┌──

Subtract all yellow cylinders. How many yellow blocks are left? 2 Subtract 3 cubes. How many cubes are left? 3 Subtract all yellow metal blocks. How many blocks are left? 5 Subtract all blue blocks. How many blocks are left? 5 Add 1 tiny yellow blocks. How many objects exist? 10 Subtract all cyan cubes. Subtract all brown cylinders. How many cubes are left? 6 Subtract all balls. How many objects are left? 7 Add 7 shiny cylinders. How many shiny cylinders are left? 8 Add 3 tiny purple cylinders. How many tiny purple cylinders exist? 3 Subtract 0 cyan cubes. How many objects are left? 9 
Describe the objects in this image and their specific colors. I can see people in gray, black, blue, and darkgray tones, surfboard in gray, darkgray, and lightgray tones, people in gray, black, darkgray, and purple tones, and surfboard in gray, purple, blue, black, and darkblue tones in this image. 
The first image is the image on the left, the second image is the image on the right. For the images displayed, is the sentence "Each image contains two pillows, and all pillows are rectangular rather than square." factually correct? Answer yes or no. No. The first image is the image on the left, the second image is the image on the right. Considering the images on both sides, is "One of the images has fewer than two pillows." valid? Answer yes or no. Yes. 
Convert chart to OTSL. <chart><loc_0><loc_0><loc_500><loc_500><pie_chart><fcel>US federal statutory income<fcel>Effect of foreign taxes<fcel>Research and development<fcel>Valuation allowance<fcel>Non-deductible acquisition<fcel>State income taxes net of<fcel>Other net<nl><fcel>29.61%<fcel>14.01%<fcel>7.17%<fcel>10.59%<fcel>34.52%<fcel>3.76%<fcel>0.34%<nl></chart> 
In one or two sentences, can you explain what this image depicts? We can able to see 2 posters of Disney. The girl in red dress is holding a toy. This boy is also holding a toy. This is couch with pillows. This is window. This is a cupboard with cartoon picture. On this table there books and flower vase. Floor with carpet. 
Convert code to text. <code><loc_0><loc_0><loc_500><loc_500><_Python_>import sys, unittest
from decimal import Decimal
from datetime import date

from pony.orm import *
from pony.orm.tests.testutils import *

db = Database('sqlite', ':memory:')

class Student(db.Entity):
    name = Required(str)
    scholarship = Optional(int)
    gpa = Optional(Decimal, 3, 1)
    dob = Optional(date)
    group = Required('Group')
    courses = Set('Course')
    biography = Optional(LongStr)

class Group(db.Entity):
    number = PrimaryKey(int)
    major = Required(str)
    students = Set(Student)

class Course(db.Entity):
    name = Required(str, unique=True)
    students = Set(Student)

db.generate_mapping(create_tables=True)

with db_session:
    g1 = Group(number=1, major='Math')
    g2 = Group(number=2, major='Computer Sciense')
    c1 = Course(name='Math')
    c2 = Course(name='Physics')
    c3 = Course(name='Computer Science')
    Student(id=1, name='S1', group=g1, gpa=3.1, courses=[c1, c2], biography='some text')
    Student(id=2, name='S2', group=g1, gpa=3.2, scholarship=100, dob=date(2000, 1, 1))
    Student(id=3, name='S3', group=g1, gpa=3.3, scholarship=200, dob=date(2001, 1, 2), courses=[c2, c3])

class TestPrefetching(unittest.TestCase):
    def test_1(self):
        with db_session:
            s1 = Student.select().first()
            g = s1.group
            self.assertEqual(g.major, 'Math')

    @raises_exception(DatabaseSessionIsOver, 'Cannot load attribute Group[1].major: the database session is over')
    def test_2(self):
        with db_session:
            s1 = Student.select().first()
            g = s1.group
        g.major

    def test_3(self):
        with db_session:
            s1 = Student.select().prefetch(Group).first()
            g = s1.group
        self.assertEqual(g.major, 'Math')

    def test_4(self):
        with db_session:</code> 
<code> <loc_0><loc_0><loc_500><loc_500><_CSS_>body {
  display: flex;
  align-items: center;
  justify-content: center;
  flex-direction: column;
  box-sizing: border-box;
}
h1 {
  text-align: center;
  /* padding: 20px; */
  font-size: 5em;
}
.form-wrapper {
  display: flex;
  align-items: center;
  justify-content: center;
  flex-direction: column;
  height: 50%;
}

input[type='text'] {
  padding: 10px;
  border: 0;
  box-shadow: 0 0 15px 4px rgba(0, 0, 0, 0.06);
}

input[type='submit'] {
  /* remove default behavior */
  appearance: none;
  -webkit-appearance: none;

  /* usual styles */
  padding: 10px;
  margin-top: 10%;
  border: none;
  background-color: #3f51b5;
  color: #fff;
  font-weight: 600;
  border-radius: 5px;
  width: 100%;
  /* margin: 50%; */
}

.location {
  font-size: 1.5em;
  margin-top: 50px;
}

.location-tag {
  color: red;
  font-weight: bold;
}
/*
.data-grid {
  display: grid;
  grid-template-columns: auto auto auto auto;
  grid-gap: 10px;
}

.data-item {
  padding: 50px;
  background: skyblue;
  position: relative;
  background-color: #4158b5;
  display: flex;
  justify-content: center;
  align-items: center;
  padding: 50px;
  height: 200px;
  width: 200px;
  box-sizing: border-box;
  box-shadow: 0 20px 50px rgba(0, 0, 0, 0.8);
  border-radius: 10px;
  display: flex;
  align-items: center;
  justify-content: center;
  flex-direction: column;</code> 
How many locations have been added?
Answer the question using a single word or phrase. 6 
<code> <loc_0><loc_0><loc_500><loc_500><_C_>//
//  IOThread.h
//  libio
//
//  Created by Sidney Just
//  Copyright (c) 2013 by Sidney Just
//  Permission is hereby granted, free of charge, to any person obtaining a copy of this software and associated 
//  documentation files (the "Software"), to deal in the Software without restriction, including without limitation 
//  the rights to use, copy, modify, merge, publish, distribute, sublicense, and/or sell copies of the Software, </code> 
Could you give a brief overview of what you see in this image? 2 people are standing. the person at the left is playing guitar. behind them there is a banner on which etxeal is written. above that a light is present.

└──

** Task statement **
Return all lines above that mention the word "Decimal".

** Answer **
from decimal import Decimal
    gpa = Optional(Decimal, 3, 1)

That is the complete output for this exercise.